We assessed how consistent the TADs detected by ClusterTAD are with those by DI and TopDom. The consistency check was carried out according to the method described in Fig. 7a. A TAD detected by method A is considered also detected by method B if the similarity between the TADs by method A and the TADs by method B falls in Case A or Case B in Fig. 7a, b, c shows the percentage of TADs detected by ClusterTAD that were also detected by the other methods. A higher percentage of TADs identified by ClusterTAD was found by DI than by TopDom probably because the TADs predicted by TopDom were generally smaller. Overall, the three methods appear to produce the complementary results on the dataset.

Fig. 7
figure 7

The analysis of the consistency between TADs identified by ClusterTAD and other methods on the two mouse cell lines. a Four different cases in which TADs detected by two different methods are compared with each other. Case A: This refers to the case in which the TAD identified in method B exactly matches those from another method A. The TADs detected by the two methods have the same boundaries. Case B: This refers to the case in which a TAD detected by method A contains two or more domains detected by method B. The smaller TADs detected by method B are called sub-TAD of the TAD detected by method A. Case C: This represents the conflicting case in which the domain detected by method A does not match or contain the domains detected by method B even though there is some overlap between them. Case D: This refers to the rare case in which the region is not assigned to a TAD by method A, but is assigned by a TAD by method B. b The percentage of TADs detected by ClusterTAD for the mESC cell line that were also detected by TopDom and DI. (c) The percentage of TADs detected by ClusterTAD for the mCortex cell line that were also detected by TopDom and DI

Validation of ClusterTAD by the enrichment analysis of CTCF binding sites and histone modification marks in domain boundaries

Topologically Associated Domains (TADs) are known to have a high level of interactions within them, compared to those between them. Each domain is separated from each other by domain boundaries. Therefore, TAD boundaries can be regarded as an insulator that restricts interaction between a TAD and its adjacent TADs [11, 29]. And TAD boundaries are also known to have an enrichment of binding sites of CTCF – a genome architectural protein [15,16,17, 29,30,31,32,33]. The binding sites of CTCF can be determined by a chromatin immunoprecipitation (ChIP) sequencing (ChIP-Seq) technique. We validated the result obtained from ClusterTAD by checking the enrichment of CTCF at the boundary between TADs for each of the mouse cells.

We used the dataset of the predicted cis-regulatory elements extracted from Chip-Seq data by Shen et al. [34] to assess the abundance of CTCF binding sites at the domain boundaries of TADs.

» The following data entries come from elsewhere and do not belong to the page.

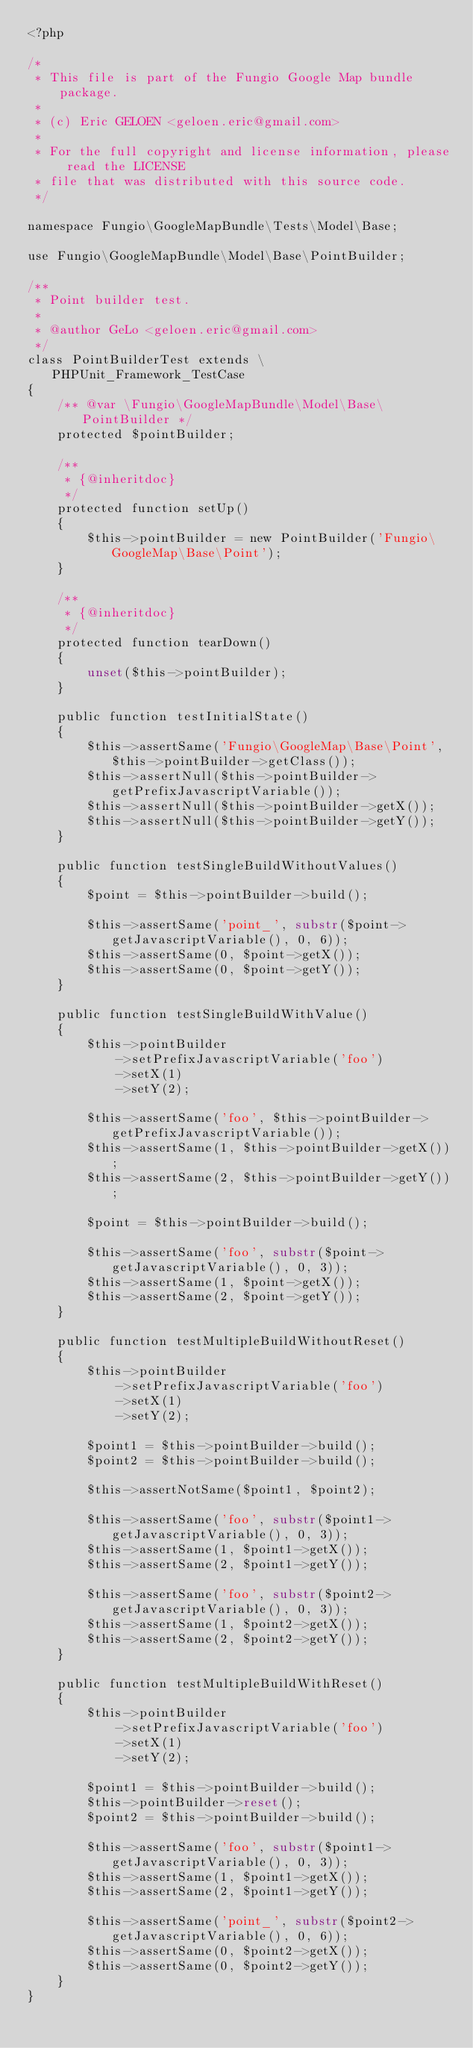Convert code to text. <code><loc_0><loc_0><loc_500><loc_500><_PHP_><?php

/*
 * This file is part of the Fungio Google Map bundle package.
 *
 * (c) Eric GELOEN <geloen.eric@gmail.com>
 *
 * For the full copyright and license information, please read the LICENSE
 * file that was distributed with this source code.
 */

namespace Fungio\GoogleMapBundle\Tests\Model\Base;

use Fungio\GoogleMapBundle\Model\Base\PointBuilder;

/**
 * Point builder test.
 *
 * @author GeLo <geloen.eric@gmail.com>
 */
class PointBuilderTest extends \PHPUnit_Framework_TestCase
{
    /** @var \Fungio\GoogleMapBundle\Model\Base\PointBuilder */
    protected $pointBuilder;

    /**
     * {@inheritdoc}
     */
    protected function setUp()
    {
        $this->pointBuilder = new PointBuilder('Fungio\GoogleMap\Base\Point');
    }

    /**
     * {@inheritdoc}
     */
    protected function tearDown()
    {
        unset($this->pointBuilder);
    }

    public function testInitialState()
    {
        $this->assertSame('Fungio\GoogleMap\Base\Point', $this->pointBuilder->getClass());
        $this->assertNull($this->pointBuilder->getPrefixJavascriptVariable());
        $this->assertNull($this->pointBuilder->getX());
        $this->assertNull($this->pointBuilder->getY());
    }

    public function testSingleBuildWithoutValues()
    {
        $point = $this->pointBuilder->build();

        $this->assertSame('point_', substr($point->getJavascriptVariable(), 0, 6));
        $this->assertSame(0, $point->getX());
        $this->assertSame(0, $point->getY());
    }

    public function testSingleBuildWithValue()
    {
        $this->pointBuilder
            ->setPrefixJavascriptVariable('foo')
            ->setX(1)
            ->setY(2);

        $this->assertSame('foo', $this->pointBuilder->getPrefixJavascriptVariable());
        $this->assertSame(1, $this->pointBuilder->getX());
        $this->assertSame(2, $this->pointBuilder->getY());

        $point = $this->pointBuilder->build();

        $this->assertSame('foo', substr($point->getJavascriptVariable(), 0, 3));
        $this->assertSame(1, $point->getX());
        $this->assertSame(2, $point->getY());
    }

    public function testMultipleBuildWithoutReset()
    {
        $this->pointBuilder
            ->setPrefixJavascriptVariable('foo')
            ->setX(1)
            ->setY(2);

        $point1 = $this->pointBuilder->build();
        $point2 = $this->pointBuilder->build();

        $this->assertNotSame($point1, $point2);

        $this->assertSame('foo', substr($point1->getJavascriptVariable(), 0, 3));
        $this->assertSame(1, $point1->getX());
        $this->assertSame(2, $point1->getY());

        $this->assertSame('foo', substr($point2->getJavascriptVariable(), 0, 3));
        $this->assertSame(1, $point2->getX());
        $this->assertSame(2, $point2->getY());
    }

    public function testMultipleBuildWithReset()
    {
        $this->pointBuilder
            ->setPrefixJavascriptVariable('foo')
            ->setX(1)
            ->setY(2);

        $point1 = $this->pointBuilder->build();
        $this->pointBuilder->reset();
        $point2 = $this->pointBuilder->build();

        $this->assertSame('foo', substr($point1->getJavascriptVariable(), 0, 3));
        $this->assertSame(1, $point1->getX());
        $this->assertSame(2, $point1->getY());

        $this->assertSame('point_', substr($point2->getJavascriptVariable(), 0, 6));
        $this->assertSame(0, $point2->getX());
        $this->assertSame(0, $point2->getY());
    }
}
</code>

Though CTCF binding sites are largely found at domain boundaries, CTCF are also associated with some active histone modification to form the insulation in the domain boundaries. Hence, in addition to studying the CTCF enrichment in the boundaries, we also investigated the enrichment of promoter marks: RNA Polymerase II and H3K4me3, and enhancer-marks (H3K4me1 and H3K27ac). Using the Chip-Seq data, the peaks for the CTCF and histone modification marks were identified using MACS [35] with the default parameters and filtered by a p-value of 0.00001. Figure 8 shows the occurrence of high number of peaks (enrichment) for CTCF binding sites, and the histone modification marks at the boundaries of TADs identified for the two mouse cells by ClusterTAD, DI and TopDom, validating that the domain boundaries recognized by ClusterTAD are biologically relevant. According to the enrichment analysis in Fig. 8, there was a reduction in the average number of peaks for the enhancer mark H3K27ac in the mouse cortex cells than in the mESC cells, which is consistent with the previous discovery in [14]. In addition, the H3K4me1 peak enrichment in the mCortex cells was slightly higher than in the mESC cells. The enrichment of CTCF, H3K27ac, and H3K4me1 in the predicted TAD boundaries suggests that they may act as an insulator to separate TADs [11, 29]. The previous studies show that enhancers could activate transcription by bringing accessory transcription-related factors to gene promoters within their spatial proximity [36], even though the promoters may be sequentially far away from the enhancers in the linear genome sequence [37]. Hence, the high enrichment of the enhancer and promoter marks in the boundary regions suggests that some TAD boundary regions can be transcription activation sites.

Fig. 8
figure 8

– The enrichment analysis of active histone modification marks and CTCF binding sites at the domain boundary. The average peak number of active histone modification marks (promoter marks (Polymerase II and H3K4me3) and enhancer marks (H3K4me1 and H3K27ac) and CTCF binding sites at the boundary regions identified by TopDom, DI and ClusterTAD for mouse Embryonic Stem Cell line (mESC) (a-e) and the mouse cortex cell line (mCortex) (f-j)

Conclusions

We introduce ClusterTAD, a new clustering based method, to detect TADs from Hi-C data. ClusterTAD employs standard clustering algorithms to extract topological domains from Hi-C contact data. We show that ClusterTAD is consistent and complementary with existing methods. The TAD boundaries identified by ClusterTAD are validated by the enrichment analysis of CTCF binding sites and histone modification marks. It is easy to use ClusterTAD since it only requires one parameter – the number of cluster, and the parameter can be estimated automatically from the data. Moreover, ClusterTAD can be iteratively applied to divide larger clusters into small ones, which can be used to identify both large TADs and smaller sub-TADs. Finally, by formulating the TAD detection problem as a classic clustering problem through a novel representation of chromosomal contacts, an array of clustering methods in the field of machine learning can be applied to address the problem. We expect more sophisticated clustering algorithms will be used to improve TAD detection in the future.

Abbreviations

ChIP:

Chromatin immunoprecipitation

ChIP-Seq:

Chromatin immunoprecipitation sequencing

CTCF:

11-zinc finger protein or CCCTC-binding factor

IF:

Interaction frequency

TAD:

Topologically associated domain

References

  1. Cremer T, Cremer C. Chromosome territories, nuclear architecture and gene regulation in mammalian cells. Nat Rev Genet. 2001;2(4):292–301.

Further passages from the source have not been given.